The apocalyptic Jesus: this is the Jesus who is going to destroy the earth really soon (an event, incidentally, that's currently scheduled for May 21st).

The privatized Jesus: this Jesus specializes in offering fire insurance, and wants to enlist us as his salespeople.

The Che Jesus: this Jesus joins the morally superior poor in their struggle for revolution, recognizing that the greedy rich can’t be converted; only defeated.

The apolitical Jesus: this Jesus prefers to keep Christians from involvement in the divisive and corrupting world of politics, or at least reserving these activities for optional individual involvement.

The Constantinian Jesus: this Jesus sees no problem mixing church and state, and in fact wants his people to restore their country as an exceptional theocracy, an all-American "city on a hill."
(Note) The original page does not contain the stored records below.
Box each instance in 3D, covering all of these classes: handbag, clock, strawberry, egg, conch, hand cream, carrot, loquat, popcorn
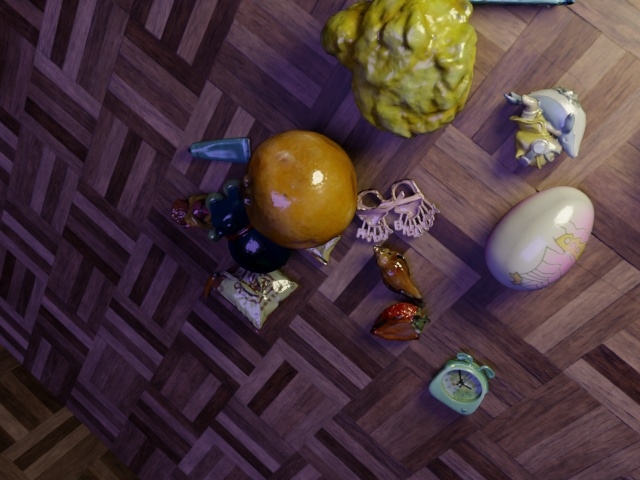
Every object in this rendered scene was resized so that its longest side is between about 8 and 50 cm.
[{"bbox_3d":[-0.212,0.155,1.520,0.235,0.127,0.213,42,83,11],"label":"handbag"},{"bbox_3d":[0.425,0.420,1.363,0.148,0.060,0.188,33,120,11],"label":"clock"},{"bbox_3d":[0.237,0.240,1.367,0.140,0.085,0.192,18,144,-2],"label":"strawberry"},{"bbox_3d":[0.514,-0.001,1.076,0.196,0.196,0.271,48,120,1],"label":"egg"},{"bbox_3d":[0.221,0.109,1.327,0.086,0.080,0.233,-13,105,37],"label":"conch"},{"bbox_3d":[-0.322,-0.288,1.457,0.224,0.048,0.083,5,112,17],"label":"hand cream"},{"bbox_3d":[-0.403,0.163,1.677,0.035,0.035,0.142,40,129,7],"label":"carrot"},{"bbox_3d":[-0.056,-0.134,1.221,0.328,0.328,0.328,9,114,22],"label":"loquat"},{"bbox_3d":[0.186,-0.394,1.024,0.292,0.293,0.334,-25,101,1],"label":"popcorn"}]

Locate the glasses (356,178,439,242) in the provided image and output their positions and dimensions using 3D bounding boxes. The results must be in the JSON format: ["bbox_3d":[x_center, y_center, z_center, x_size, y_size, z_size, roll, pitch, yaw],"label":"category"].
[{"bbox_3d":[0.194,-0.068,1.263,0.255,0.095,0.162,-11,109,32],"label":"glasses"}]

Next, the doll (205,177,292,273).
[{"bbox_3d":[-0.207,-0.019,1.381,0.198,0.186,0.322,-36,125,20],"label":"doll"}]

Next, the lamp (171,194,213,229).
[{"bbox_3d":[-0.370,-0.094,1.516,0.253,0.118,0.118,-2,109,20],"label":"lamp"}]

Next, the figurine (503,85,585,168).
[{"bbox_3d":[0.493,-0.259,1.028,0.208,0.128,0.184,45,125,13],"label":"figurine"}]

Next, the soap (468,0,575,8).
[{"bbox_3d":[0.395,-0.580,0.969,0.293,0.077,0.156,15,116,21],"label":"soap"}]

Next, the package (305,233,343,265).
[{"bbox_3d":[-0.001,0.002,1.420,0.108,0.031,0.121,32,115,11],"label":"package"}]
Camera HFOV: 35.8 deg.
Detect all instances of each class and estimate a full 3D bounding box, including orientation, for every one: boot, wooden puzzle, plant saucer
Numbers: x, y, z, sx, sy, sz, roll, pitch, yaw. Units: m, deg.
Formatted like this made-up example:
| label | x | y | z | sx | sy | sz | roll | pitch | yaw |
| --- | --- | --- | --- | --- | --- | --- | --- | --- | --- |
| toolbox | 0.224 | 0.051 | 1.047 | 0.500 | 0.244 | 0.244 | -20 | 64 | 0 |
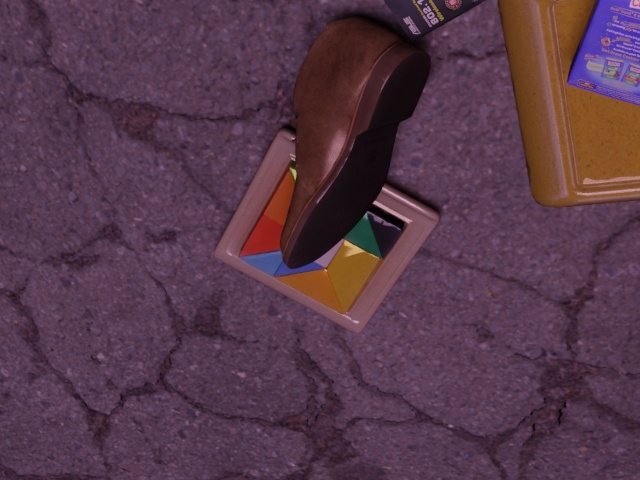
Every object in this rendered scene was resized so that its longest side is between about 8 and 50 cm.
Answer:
| label | x | y | z | sx | sy | sz | roll | pitch | yaw |
| --- | --- | --- | --- | --- | --- | --- | --- | --- | --- |
| boot | 0.012 | -0.106 | 1.113 | 0.115 | 0.112 | 0.305 | 40 | 123 | 25 |
| wooden puzzle | 0.000 | 0.000 | 1.233 | 0.221 | 0.044 | 0.238 | 29 | 128 | -4 |
| plant saucer | 0.350 | -0.167 | 0.982 | 0.333 | 0.081 | 0.332 | -5 | 123 | 21 |

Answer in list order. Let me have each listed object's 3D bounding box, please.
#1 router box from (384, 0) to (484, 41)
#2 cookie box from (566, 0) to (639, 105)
| label | x | y | z | sx | sy | sz | roll | pitch | yaw |
| --- | --- | --- | --- | --- | --- | --- | --- | --- | --- |
| router box | 0.101 | -0.276 | 1.006 | 0.092 | 0.038 | 0.122 | -26 | 114 | 31 |
| cookie box | 0.289 | -0.185 | 0.911 | 0.092 | 0.040 | 0.107 | 18 | 128 | 5 |

These six types are obviously provocative in each of their different ways, but I think you’d agree that we see various mutations of them around us all the time. Our own images may fall more or less within one or more of them as well. Taylor contrasts these six with “the holistic Jesus” of Scripture who leads us into responsible social action -- something each of the distorted, incomplete Jesuses fail to do. So, a few questions seem important to consider:

What do you think of these six "false Jesuses"? Has Taylor missed any ways we make Jesus in our image rather than seeking to be conformed to the image of God? And what does “responsible social action” look like, anyway?

16Nov/10Off

Poverty, Power and the Kingdom of God

My first introduction to Jayakumar Christian, the national director of World Vision India, came in the fall of 2007 through the Christian Vision Project, a really cool initiative led by Andy Crouch. For three years, the project served as a wonderful forum for an array of evangelical leaders to answer big questions about culture, mission and gospel.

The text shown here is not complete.